The second part of the trip brought us to PDC's centre on the edge of Hwange National Park. Here we teamed up with charity's main tracker who has been working with these dogs for most of his adult life. He is a phenomenal tracker and was able to get our visitors up close and personal with the resident packs in the area. Our guests were also able to visit the education centre and meet local children on a residential trip to PDC's wildlife camp. These kids live just outside a national park and most of them have never seen their own wildlife. It's great to see just how keen they are to learn about their environment and what amazing ambassadors for conservation they become. Many of the staff working at the centre attended the camp when they were at school.
What other charities are you patron of?
I have limited my patronage to projects that I have proper engagement with because – hand on heart – I want to be able to talk with passion about the projects that I'm associated with when someone asks me about them. Currently, I am a patron of Painted Dog Conservation UK, the Horniman Museum, Wildlife Vets International, Dog AID and Act for Wildlife. I am also an ambassador for the PDSA.

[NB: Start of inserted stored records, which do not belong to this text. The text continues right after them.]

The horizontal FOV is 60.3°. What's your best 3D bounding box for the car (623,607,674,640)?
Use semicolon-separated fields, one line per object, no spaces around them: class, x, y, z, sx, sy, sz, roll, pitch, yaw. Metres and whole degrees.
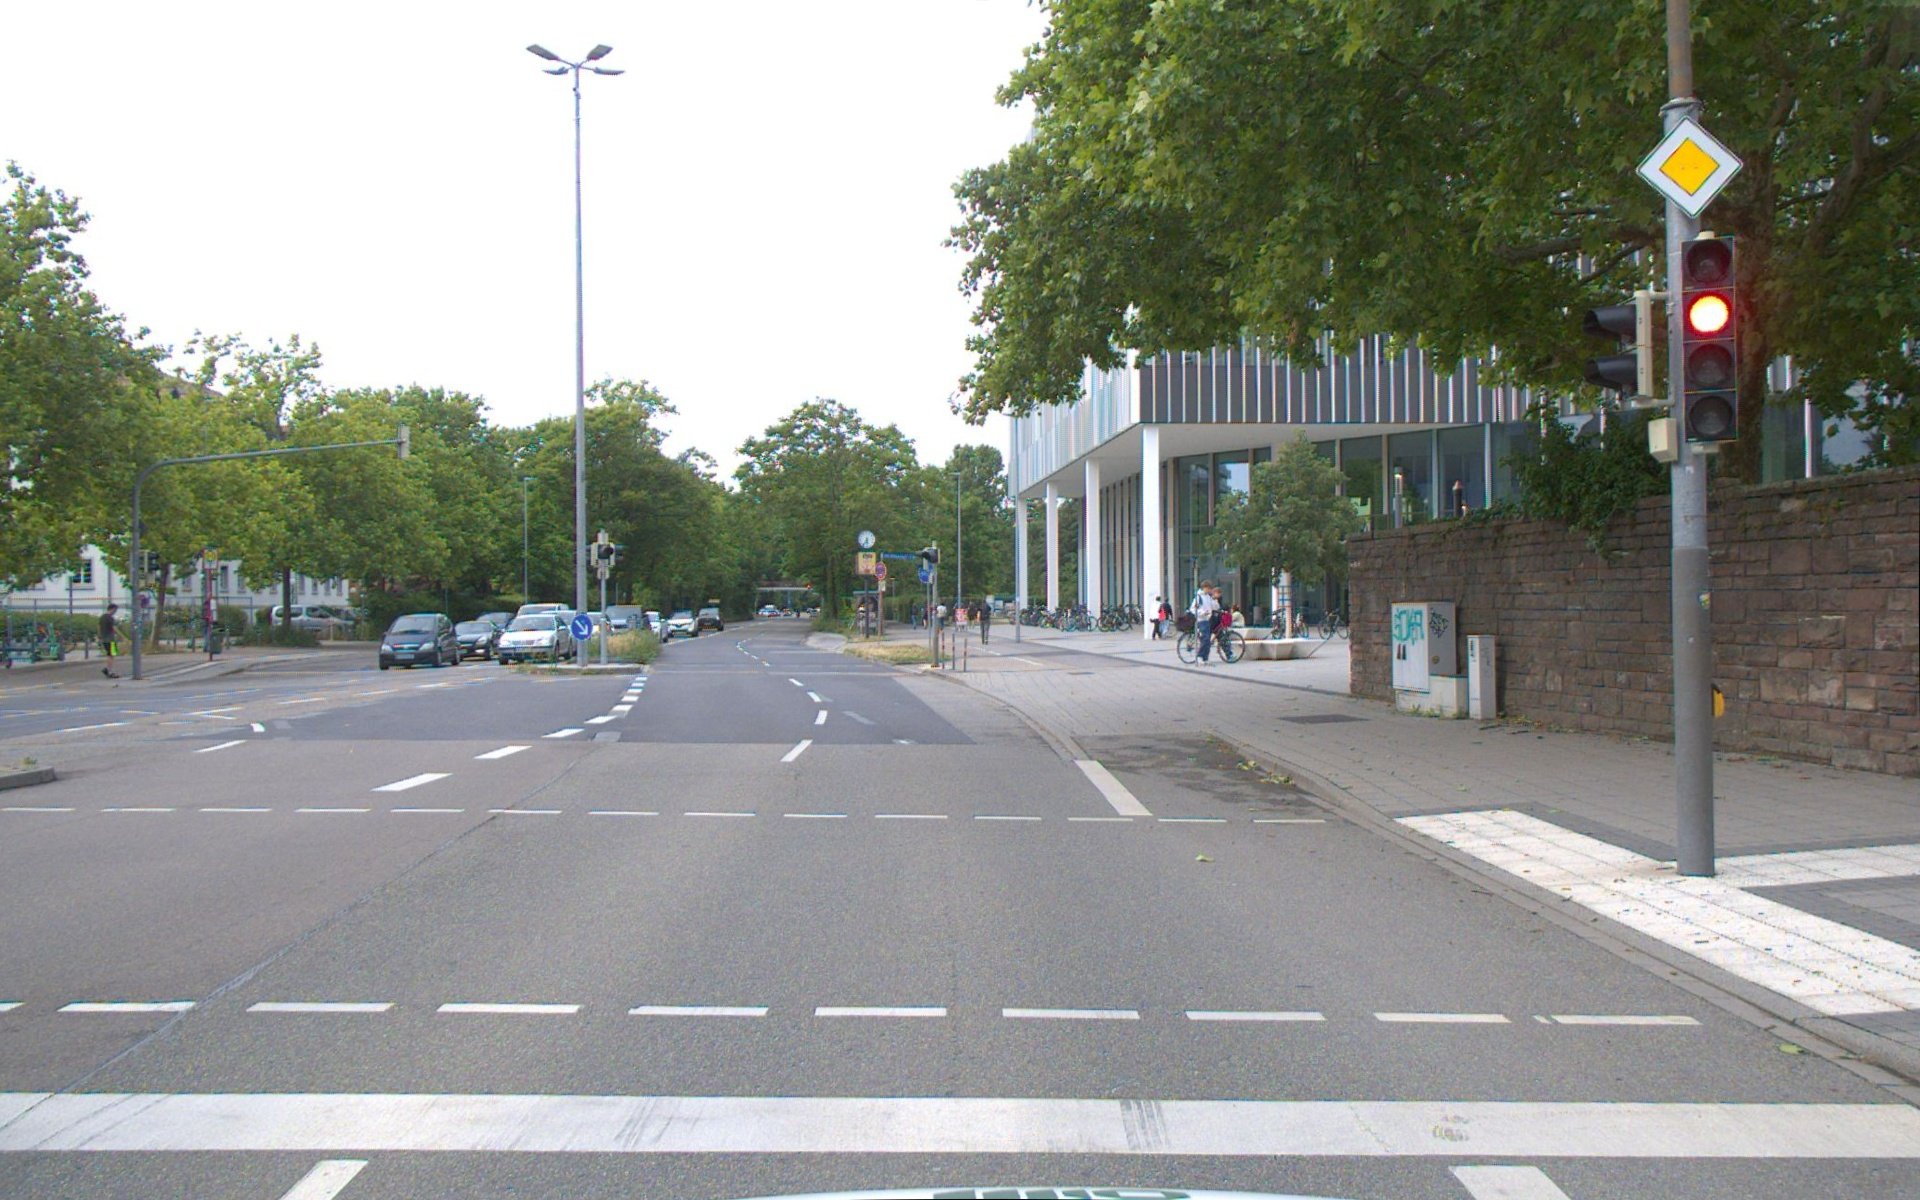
car;-14.943;1.116;79.621;1.866;1.491;4.906;1;0;-5

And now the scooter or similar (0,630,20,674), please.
scooter or similar;-25.370;1.375;43.741;0.353;1.160;1.318;-1;0;-4

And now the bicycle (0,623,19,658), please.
bicycle;-33.163;1.402;56.148;2.002;1.173;0.716;-1;0;-23

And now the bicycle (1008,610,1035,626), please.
bicycle;3.856;1.127;103.703;1.575;0.890;0.556;-2;0;-4

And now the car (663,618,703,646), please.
car;-16.626;1.907;99.367;1.955;1.574;4.175;-2;0;-5

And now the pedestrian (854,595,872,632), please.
pedestrian;-5.551;0.761;94.666;0.895;2.048;0.853;-3;2;-6

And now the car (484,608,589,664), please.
car;-12.731;1.052;49.972;1.952;1.556;4.275;-1;0;2

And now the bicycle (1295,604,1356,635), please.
bicycle;12.656;0.678;57.212;2.166;1.024;0.772;-1;-3;-35

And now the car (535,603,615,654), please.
car;-13.629;0.976;58.824;1.918;1.611;4.254;-2;1;-2

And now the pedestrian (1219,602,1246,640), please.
pedestrian;9.038;0.690;54.896;0.872;1.214;0.846;-1;0;9

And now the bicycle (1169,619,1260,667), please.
bicycle;5.864;0.984;38.132;1.936;1.036;0.793;1;0;36

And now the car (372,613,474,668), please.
car;-15.827;1.174;48.918;1.815;1.489;3.696;-1;0;-1

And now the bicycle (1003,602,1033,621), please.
bicycle;3.735;0.741;106.660;1.760;1.100;0.625;-3;0;-7

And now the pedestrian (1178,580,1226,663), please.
pedestrian;5.442;0.477;37.238;0.768;1.827;0.786;-1;-1;38

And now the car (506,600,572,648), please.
car;-17.282;0.970;68.013;1.736;1.880;4.486;1;0;-3

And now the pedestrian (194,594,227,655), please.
pedestrian;-25.697;0.838;56.694;0.787;2.049;0.923;1;-1;-11

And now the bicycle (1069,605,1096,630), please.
bicycle;5.675;0.800;76.783;0.598;1.099;1.954;-3;0;-16

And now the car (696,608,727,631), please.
car;-18.172;1.396;121.127;1.866;1.621;4.512;-1;0;-5

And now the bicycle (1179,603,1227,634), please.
bicycle;9.207;0.702;62.643;0.723;1.135;2.170;-1;0;42

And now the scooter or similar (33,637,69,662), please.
scooter or similar;-27.309;1.490;49.706;0.398;0.706;1.288;1;0;-2

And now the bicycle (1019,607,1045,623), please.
bicycle;4.452;0.932;102.147;1.575;0.890;0.556;-2;0;-4

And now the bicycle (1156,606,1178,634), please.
bicycle;8.098;0.772;64.700;0.625;1.080;1.840;1;0;0

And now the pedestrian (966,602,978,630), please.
pedestrian;0.720;0.994;102.185;0.714;1.713;0.747;1;-1;-1

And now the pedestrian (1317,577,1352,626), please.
pedestrian;16.396;0.077;72.414;1.160;2.098;1.132;1;-1;33

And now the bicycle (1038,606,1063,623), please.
bicycle;4.943;0.783;90.103;1.258;0.890;0.556;-2;0;-4

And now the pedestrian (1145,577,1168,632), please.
pedestrian;7.444;0.165;62.704;0.634;2.049;0.654;-1;0;-14

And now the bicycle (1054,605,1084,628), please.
bicycle;5.467;0.823;83.176;1.373;1.062;0.558;-3;0;-4

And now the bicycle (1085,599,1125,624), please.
bicycle;7.491;0.600;85.594;1.948;1.164;0.646;-3;0;37

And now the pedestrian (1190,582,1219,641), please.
pedestrian;8.665;0.407;58.620;0.826;2.049;0.894;-1;0;-3

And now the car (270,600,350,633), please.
car;-33.631;0.847;85.607;3.517;1.630;1.649;1;0;-7

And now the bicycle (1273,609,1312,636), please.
bicycle;11.828;0.801;58.835;0.659;0.914;1.839;-1;0;36

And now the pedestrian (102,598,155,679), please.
pedestrian;-21.349;0.982;42.477;0.877;2.049;1.008;-1;0;-7

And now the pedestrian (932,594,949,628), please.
pedestrian;-1.194;0.666;101.426;0.907;2.049;1.038;-1;0;-5

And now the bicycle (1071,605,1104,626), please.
bicycle;6.349;0.779;82.383;1.572;0.952;0.569;-3;0;6

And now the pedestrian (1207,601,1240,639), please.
pedestrian;8.646;0.652;54.263;0.826;1.227;0.893;-1;0;29

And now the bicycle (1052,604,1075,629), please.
bicycle;4.966;0.778;79.534;0.624;1.160;2.196;-4;0;-9

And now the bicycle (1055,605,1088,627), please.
bicycle;5.645;0.813;83.762;1.575;0.999;0.556;-4;0;-5

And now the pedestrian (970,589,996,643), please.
pedestrian;0.873;0.610;63.366;0.826;2.049;0.894;-3;0;-3

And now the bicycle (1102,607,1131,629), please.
bicycle;7.122;0.831;75.173;1.477;0.945;0.433;-2;2;-44

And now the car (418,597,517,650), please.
car;-16.355;0.757;55.137;1.952;1.648;4.001;-1;0;2

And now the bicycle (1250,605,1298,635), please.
bicycle;11.324;0.727;59.544;0.761;1.019;1.947;-1;0;43

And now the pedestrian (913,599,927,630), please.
pedestrian;-2.649;0.963;109.837;0.809;2.049;0.719;-1;0;-9

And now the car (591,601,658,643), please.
car;-14.370;0.902;71.105;1.953;1.717;4.946;1;0;-1

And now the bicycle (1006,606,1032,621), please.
bicycle;3.758;0.827;104.659;1.575;0.890;0.556;-2;0;-4

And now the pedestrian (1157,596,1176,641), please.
pedestrian;7.738;0.685;61.908;0.661;1.670;0.654;-1;0;8

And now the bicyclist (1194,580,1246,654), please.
bicyclist;5.980;0.381;38.061;0.950;1.674;0.733;1;-1;35

How did you get to where you are today?
I was fortunate to walk into the back door of TV. Being filmed at vet school was one of those chance opportunities that opened doors that I never knew existed. It wasn't planned, and even now it's not something I have any control over. I just answer the phone occasionally and say yes.
What's the most bizarre thing you have found yourself doing for TV?
Making television programmes is really odd. You do get used to it and only realise how strange it is when you tell someone else about it. For a few years I was zooming round the world leaping from weird experience to weird experience.
Have you had any dangerous/frightening moments?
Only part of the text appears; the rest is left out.